Она дернула большим пальцем, указывая на холл, — жест резкий, заставший меня врасплох после страстной ранимости ее арии, унаследованный, наверно, заодно с антисемитизмом от отца — техника по бойлерам. И эти слова о процессе, сообразил я, наверняка тоже заемные — они уже не пропитаны ее кровью, это слова другого рода, она их повторяет так, словно даже не верит в их смысл. Попугайничает, имитируя голос своего кумира, подумал я, ведет себя, как подобает любящей подруге героя.
— Дело в сыне, — объяснила она. — Демьянюк хочет, чтобы с сыном все было хорошо и он ничего не знал. Он врет ради сына. Сознайся он — и этому мальчику конец. Наверняка конец. — Одна из ее пресловутых рук бесцеремонно легла на мое плечо, одна из рук, послужной список которых — всю эту замаранность телесными секретами — я не мог изгнать из своего воображения; и этот прямой контакт оказался настолько шокирующе-интимным, что на миг мне показалось, будто я растворяюсь в ней — так чувствует младенец, когда руки матери для него еще не просто конечности, а олицетворение всего ее теплого, дивного, огромного тела. Не поддавайся, подумал я, ее общество чересчур соблазнительно: помни, что эта парочка радеет вовсе не о твоих интересах!
— Поговорите с ним. Пожалуйста, посидите вдвоем с Филипом, поговорите.
— С «Филипом» мне говорить не о чем.
— Ой, не надо так, — взмолилась она, и, когда ее пальцы еще крепче стиснули мою плоть, нажим ее большого пальца на мою локтевую ямку спровоцировал прилив практически всех чувств, толкавших меня в неверном направлении, — пожалуйста, не надо…
— Чего не надо?
— Срывать его планы!
— Их срываю не я.
— Но у него, — вскричала она, — сейчас ремиссия!
Даже в менее возбуждающей обстановке «ремиссия» — не то слово, которое легко пропустить мимо ушей: совсем как «виновен» или «невиновен» в зале суда, когда это произносит старшина присяжных, обращаясь к судье.
Я сказал:
— Ремиссия больного раком… Я совсем не против этого, ни в его случае, ни в случае любого другого.
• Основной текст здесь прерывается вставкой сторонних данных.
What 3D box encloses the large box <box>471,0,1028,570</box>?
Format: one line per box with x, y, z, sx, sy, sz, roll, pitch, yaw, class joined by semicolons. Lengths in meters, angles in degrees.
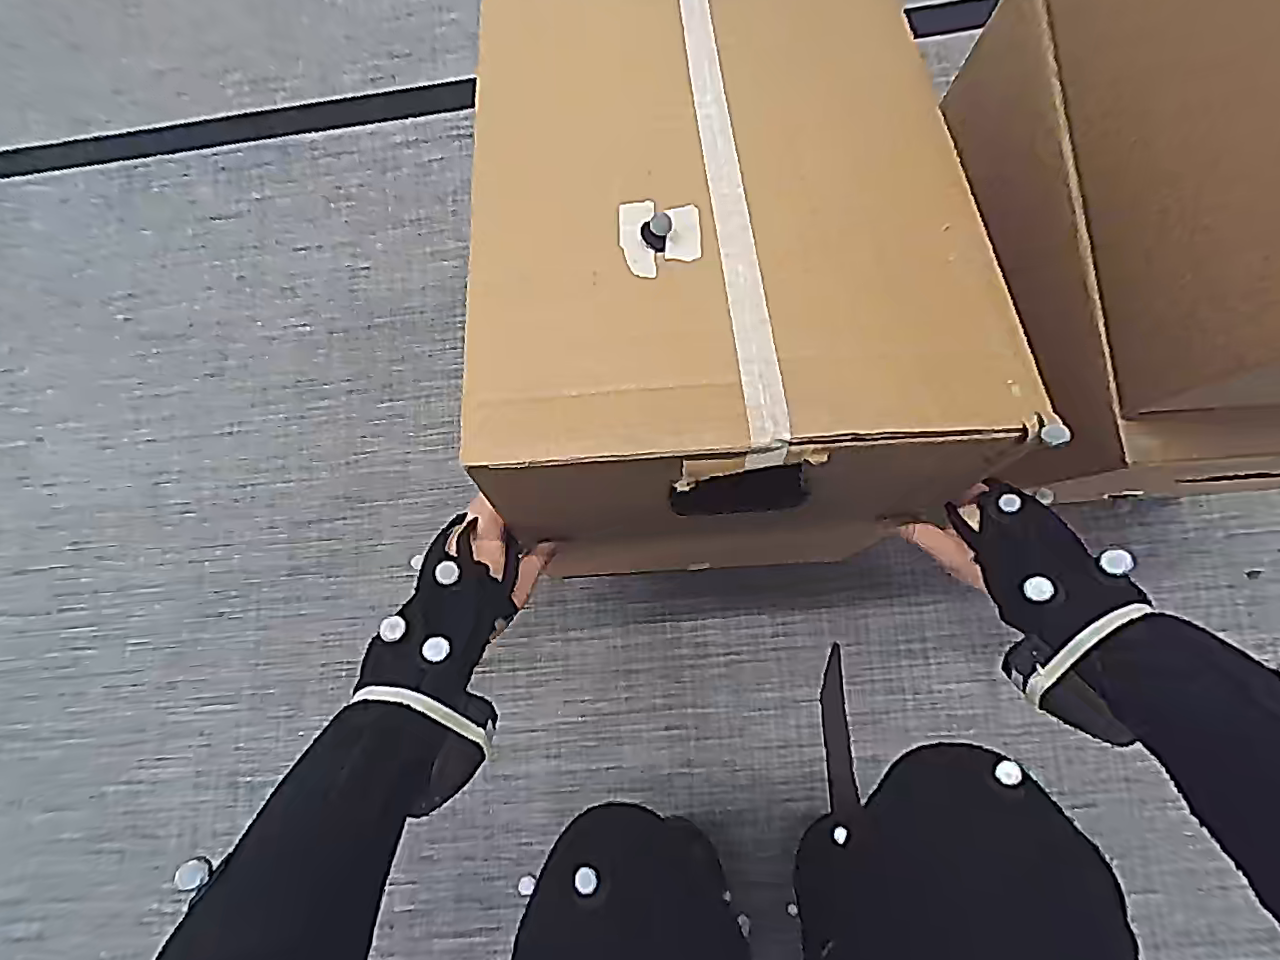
0.041;-0.152;0.496;0.320;0.320;0.408;-4;70;-2;large box
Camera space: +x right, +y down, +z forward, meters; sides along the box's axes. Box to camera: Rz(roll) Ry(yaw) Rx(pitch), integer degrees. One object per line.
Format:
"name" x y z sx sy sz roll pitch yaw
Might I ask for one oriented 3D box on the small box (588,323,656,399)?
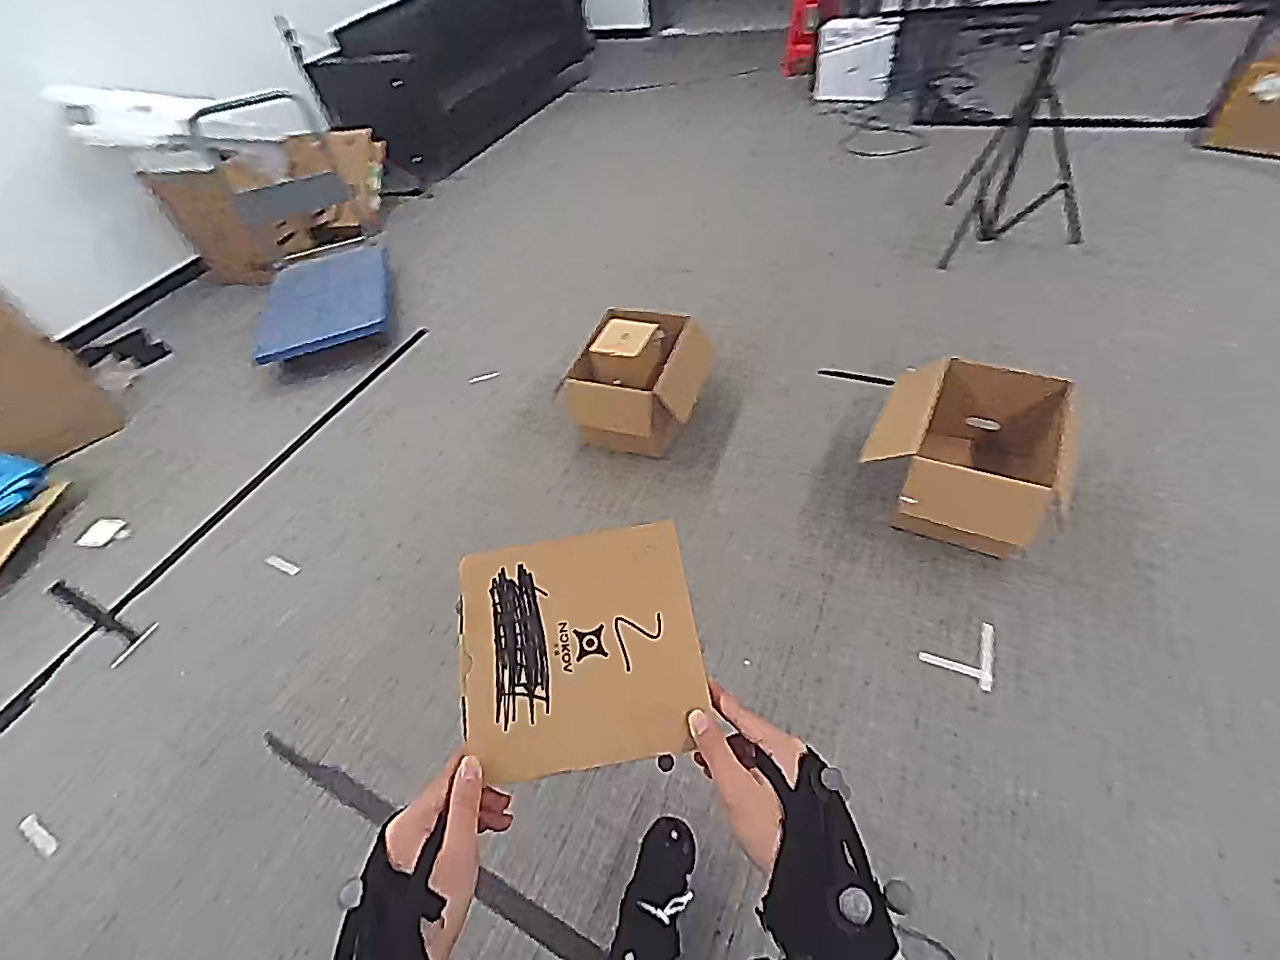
"small box" -0.053 -0.399 1.815 0.168 0.176 0.179 13 54 21

Я даже не против его так называемого диаспоризма. Мне абсолютно безразличны эти идеи, с какой стороны на них ни глянь. Но я против того, чтобы он сплетал мою жизнь со своей и морочил людей насчет того, кто из нас кто. Я не могу допустить и не допущу, чтобы он внушал людям, будто он — это я. Это должно прекратиться!
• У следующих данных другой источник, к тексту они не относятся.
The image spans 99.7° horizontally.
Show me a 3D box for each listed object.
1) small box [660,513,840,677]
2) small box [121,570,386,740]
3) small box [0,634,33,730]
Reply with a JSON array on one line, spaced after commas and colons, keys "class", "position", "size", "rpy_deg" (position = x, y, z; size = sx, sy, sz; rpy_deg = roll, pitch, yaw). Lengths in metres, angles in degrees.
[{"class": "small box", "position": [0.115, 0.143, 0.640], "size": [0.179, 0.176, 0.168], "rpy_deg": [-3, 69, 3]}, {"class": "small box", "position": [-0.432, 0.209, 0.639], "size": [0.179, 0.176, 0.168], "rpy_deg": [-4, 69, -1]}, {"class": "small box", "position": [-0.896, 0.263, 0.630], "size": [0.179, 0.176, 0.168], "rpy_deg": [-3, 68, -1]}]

— Это прекратится, идет? Прекратится.
— Ой ли? Вы-то почем знаете?
— Филип велел мне сказать вам, что это прекратится.
— Велел? А что ж вы тогда не сказали? Почему он не написал в этом письме… в этом совершенно идиотском письме?! — сказал я, со злостью припоминая водянистую бессодержательность, бессмысленную несообразность, истерическую бессвязность этой эпистолы о жизни и смерти, припоминая все эти дурацкие косые черты, которые он, по моим догадкам, охотно начертил бы не на бумаге, а на мне.
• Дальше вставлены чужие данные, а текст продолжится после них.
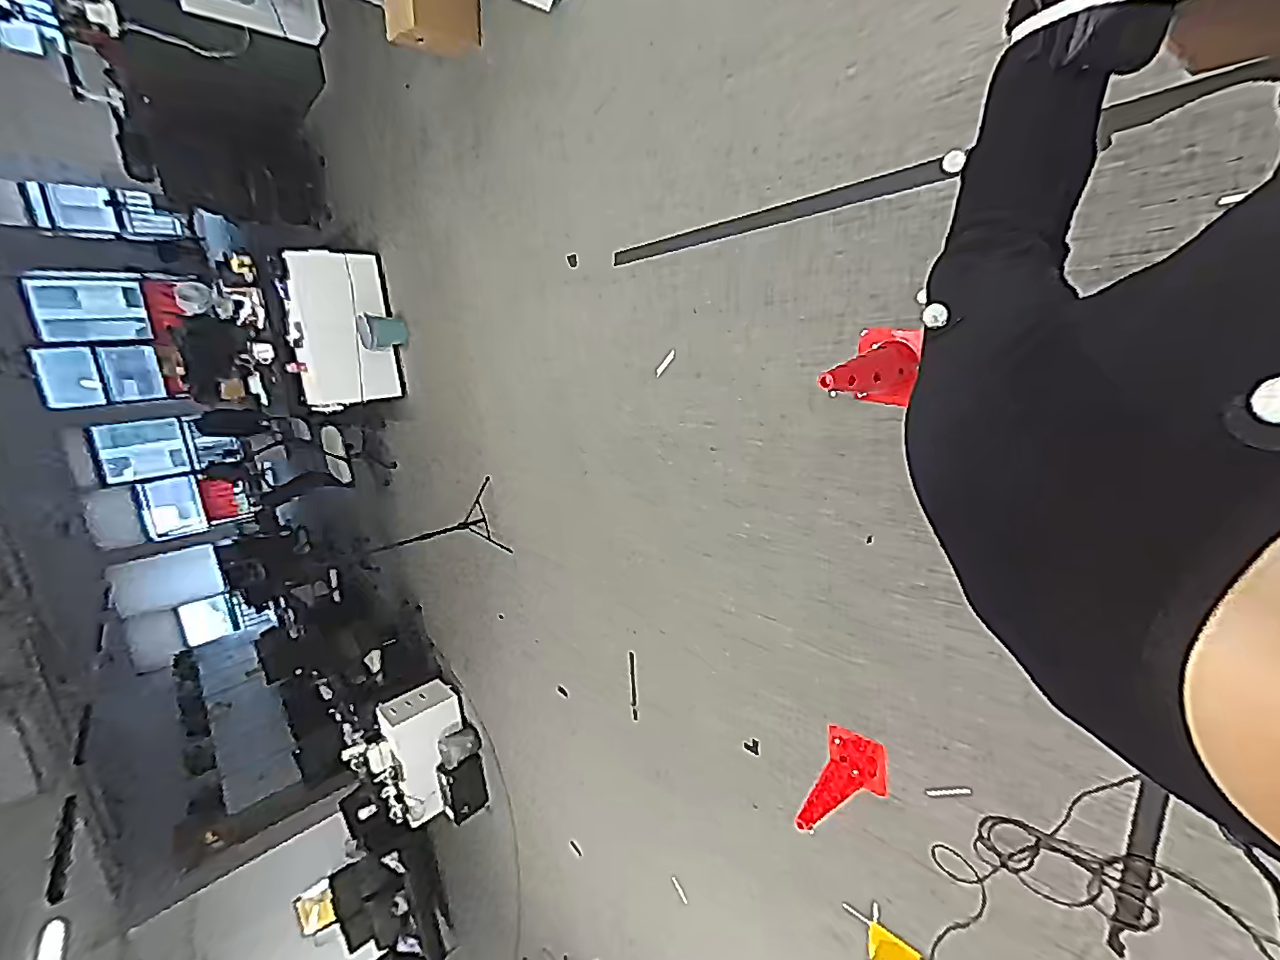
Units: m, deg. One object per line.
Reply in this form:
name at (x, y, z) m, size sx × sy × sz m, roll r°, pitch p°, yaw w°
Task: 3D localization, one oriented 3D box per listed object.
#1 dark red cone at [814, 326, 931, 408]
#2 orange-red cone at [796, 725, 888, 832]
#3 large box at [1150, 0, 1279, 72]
dark red cone at (0.536, -0.262, 1.317) m, size 0.201 × 0.394 × 0.202 m, roll 18°, pitch 116°, yaw 43°
orange-red cone at (0.605, 0.978, 1.701) m, size 0.198 × 0.360 × 0.199 m, roll 8°, pitch 110°, yaw 48°
large box at (0.538, -0.457, 0.243) m, size 0.408 × 0.320 × 0.320 m, roll 14°, pitch 119°, yaw 45°

— Вы его совсем не так поняли, — взмолилась она. — Это прекратится. Он весь заболел оттого, что это вас расстроило. У него голова идет кругом от этого. Я хочу сказать, у него настоящее головокружение. Он буквально не может встать. Я оставила его в постели. Он слег, мистер Рот, просто слег.
— Понятно. Он думал, что я не буду возражать. Думал, эти все интервью журналистам для меня — как с гуся вода.
— Если бы вы встретились с ним еще разок…
— Я же с ним встретился. И с вами сейчас встречаюсь, — сказал я и выдернул локоть из-под ее руки. — Если вы его любите, мисс Поссесски, и если вы ему преданы, и если вы хотите предотвратить неприятности, которые могут быть опасны для здоровья ракового больного в ремиссии, то вам следует остановить его немедленно. Пусть он немедленно перестанет использовать мое имя. И больше никаких встреч.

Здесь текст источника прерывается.